Hip fractures are a life-changing event especially in older people and are associated with a high risk of mortality. According to latest epidemiologic data, related health loss expressed as disease adjusted life years (DALY) is expected to double from 2020 to 2040 [6]. At worst, an independent and mobile person becomes completely dependent on external help after suffering a hip fracture [28]. This is explained by the complexity of these patients: age-related physiological changes and various comorbidities like sarcopenia, visual impairment or cardiovascular diseases aggravate a return to the prefracture status of mobility and independency in activities of daily living (ADL).

Different forms of orthogeriatric treatment were implemented over the last years to address these special needs and to improve outcome of elderly trauma patients [21]. One main treatment goal of this interdisciplinary approach is early mobilisation with full weight-bearing after surgery, as immobilisation leads to complications like pneumonia, urinary tract infections or muscle atrophy associated with an increased mortality [1, 8, 18].

To assess individuals’ status of mobility and activities of daily living, various scores like Parker Mobility Score or Barthel Index are approved for a long time [16, 20]. Although these scores are frequently used, they only represent subjective tests and are dependent on the cooperation of the patient. Especially with regard to physical activity, various studies indicate that there are discrepancies between questionnaires and objective measurements of physical activity and patients significantly overestimated their daily activities [12, 26]. To address the needs of elderly hip fracture patients sufficiently, objective parameters for evaluation of individual mobility and mobilisation are essential. Real-time assessment of weight-bearing on the affected limb with insole force sensors has proven to be a feasible approach and provides objective data as well as a biofeedback. Braun et al. could demonstrate, using these sensors, that adherence to weight-bearing instructions in elderly trauma patients is low [2]. Although full weight-bearing is generally the aim after hip fracture surgery in these patients, some fracture patterns require modification of weight-bearing instructions. Thus, early identification of patients at risk to follow weight-bearing instructions would be desirable, as it might change the choice of treatment.

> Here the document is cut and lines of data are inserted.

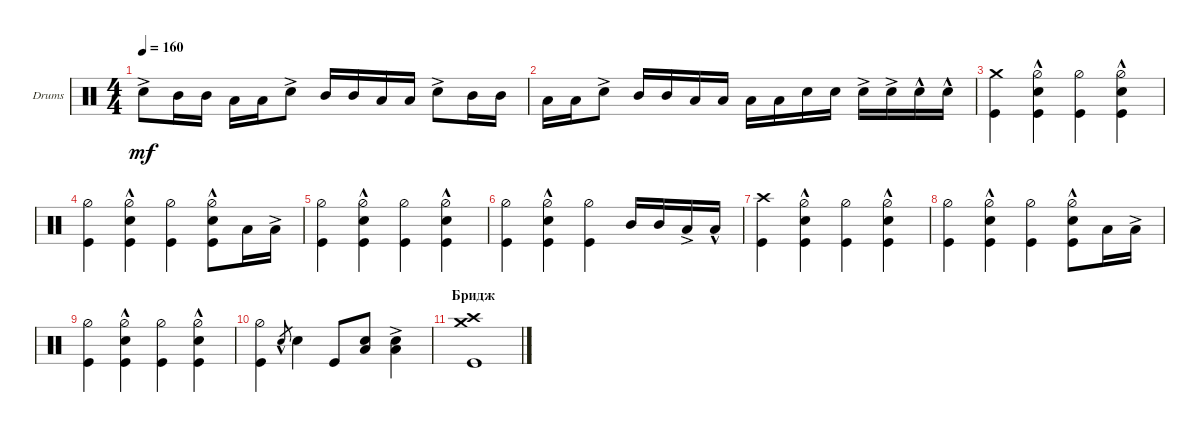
\defaultSystemsLayout 4
\bracketExtendMode groupsimilarinstruments
\firstSystemTrackNameOrientation horizontal
\otherSystemsTrackNameOrientation horizontal
\track ("Drumkit" "Drums") {instrument percussion}
\staff {score}
\articulation defaults
\ts (4 4)
\tempo 160
\clef neutral
\ks c "Snare (hit) 2"{ac}.8{dy mf} "Mid Tom (hit)".16 "Mid Tom (hit)".16 "Low Tom (hit)".16 "Low Tom (hit)".16 "Snare (hit) 2"{ac}.8 "Mid Tom (hit)".16 "Mid Tom (hit)".16 "Low Tom (hit)".16 "Low Tom (hit)".16 "Snare (hit) 2"{ac}.8 "Mid Tom (hit)".16 "Mid Tom (hit)".16
|
"Low Tom (hit)".16 "Low Tom (hit)".16 "Snare (hit) 2"{ac}.8 "Mid Tom (hit)".16 "Mid Tom (hit)".16 "Low Tom (hit)".16 "Low Tom (hit)".16 "Low Tom (hit)".16 "Low Tom (hit)".16 "Snare (hit) 2".16 "Snare (hit) 2".16 "Snare (hit) 2"{ac}.16 "Snare (hit) 2"{ac}.16 "Snare (hit) 2"{hac}.16 "Snare (hit) 2"{hac}.16 |
("Kick (hit)" "Crash medium (hit)").4 ("Kick (hit)" "Snare (hit) 2"{hac} "Hi-Hat (half)").4 ("Kick (hit)" "Hi-Hat (half)").4 ("Kick (hit)" "Snare (hit) 2"{hac} "Hi-Hat (half)").4 |
("Kick (hit)" "Hi-Hat (half)").4 ("Kick (hit)" "Snare (hit) 2"{hac} "Hi-Hat (half)").4 ("Kick (hit)" "Hi-Hat (half)").4 ("Kick (hit)" "Snare (hit) 2"{hac} "Hi-Hat (half)").8 "Low Tom (hit)".16 "Low Tom (hit)"{ac}.16 |
("Kick (hit)" "Hi-Hat (half)").4 ("Kick (hit)" "Snare (hit) 2"{hac} "Hi-Hat (half)").4 ("Kick (hit)" "Hi-Hat (half)").4 ("Kick (hit)" "Snare (hit) 2"{hac} "Hi-Hat (half)").4 |
("Kick (hit)" "Hi-Hat (half)").4 ("Kick (hit)" "Snare (hit) 2"{hac} "Hi-Hat (half)").4 ("Kick (hit)" "Hi-Hat (half)").4 "Mid Tom (hit)".16 "Mid Tom (hit)".16 "Low Tom (hit)"{ac}.16 "Low Tom (hit)"{hac}.16 |
("Kick (hit)" "Crash high (hit)").4 ("Kick (hit)" "Snare (hit) 2"{hac} "Hi-Hat (half)").4 ("Kick (hit)" "Hi-Hat (half)").4 ("Kick (hit)" "Snare (hit) 2"{hac} "Hi-Hat (half)").4 |
("Kick (hit)" "Hi-Hat (half)").4 ("Kick (hit)" "Snare (hit) 2"{hac} "Hi-Hat (half)").4 ("Kick (hit)" "Hi-Hat (half)").4 ("Kick (hit)" "Snare (hit) 2"{hac} "Hi-Hat (half)").8 "Low Tom (hit)".16 "Low Tom (hit)"{ac}.16 |
("Kick (hit)" "Hi-Hat (half)").4 ("Kick (hit)" "Snare (hit) 2"{hac} "Hi-Hat (half)").4 ("Kick (hit)" "Hi-Hat (half)").4 ("Kick (hit)" "Snare (hit) 2"{hac} "Hi-Hat (half)").4 |
("Kick (hit)" "Hi-Hat (half)").4 "Snare (hit) 2"{hac}.8{gr} "Snare (hit) 2".4 "Kick (hit)".8 ("Low Tom (hit)" "Snare (hit) 2").8 ("Low Tom (hit)"{ac} "Snare (hit) 2"{ac}).4 |
\section ("" "Бридж")
("Kick (hit)" "Crash medium (hit)" "Crash high (hit)").1

Besides gait speed, which has shown a significant correlation with the risk of mortality, handgrip strength appears as a promising value to predict outcome in elderly patients [17, 27, 29]. It is commonly used as a simple clinical parameter for physical function and muscle strength assessment [7]. Following the European Working Group on Sarcopenia in Older People 2 (EWGSOP2) also probable presence of sarcopenia can be defined herewith [4]. Furthermore, handgrip strength was proven as prognostic factor after hip fracture surgery [5, 23].

The aim of this study was to connect these parameters and to evaluate if patients with deficient handgrip strength also show deficits to follow postoperative weight-bearing instructions. We hypothesised that correlation between handgrip strength, objective (weight-bearing on affected limb, postoperative gait speed) and subjective parameters (mobility/ADL scores) helps to identify patients at risk for mobilisation complications after hip fracture surgery.

Methods

Study population

All patients aged 65 years and older, who were admitted to our certified orthogeriatric unit at a level-one trauma center with a proximal femur fracture (femoral neck or trochanteric region) between October 2017 and April 2018 were consecutively included in this prospective observational study after written informed consent. The study followed the Declaration of Helsinki and was registered at the German Clinical Trials Register (DRKS) under DRKS00012800 after approval of the local ethics review committee (Ref.-No.: 214-16). Instructions of the STROBE panel were followed for arrangement of this manuscript.

Exclusion criteria were fracture fixation of a femoral neck fracture, cognitive disorders (dementia, delirium, etc., defined by Mini-Mental State Examination < 26), language barrier, preexisting immobility and additional fractures of the upper or lower extremity.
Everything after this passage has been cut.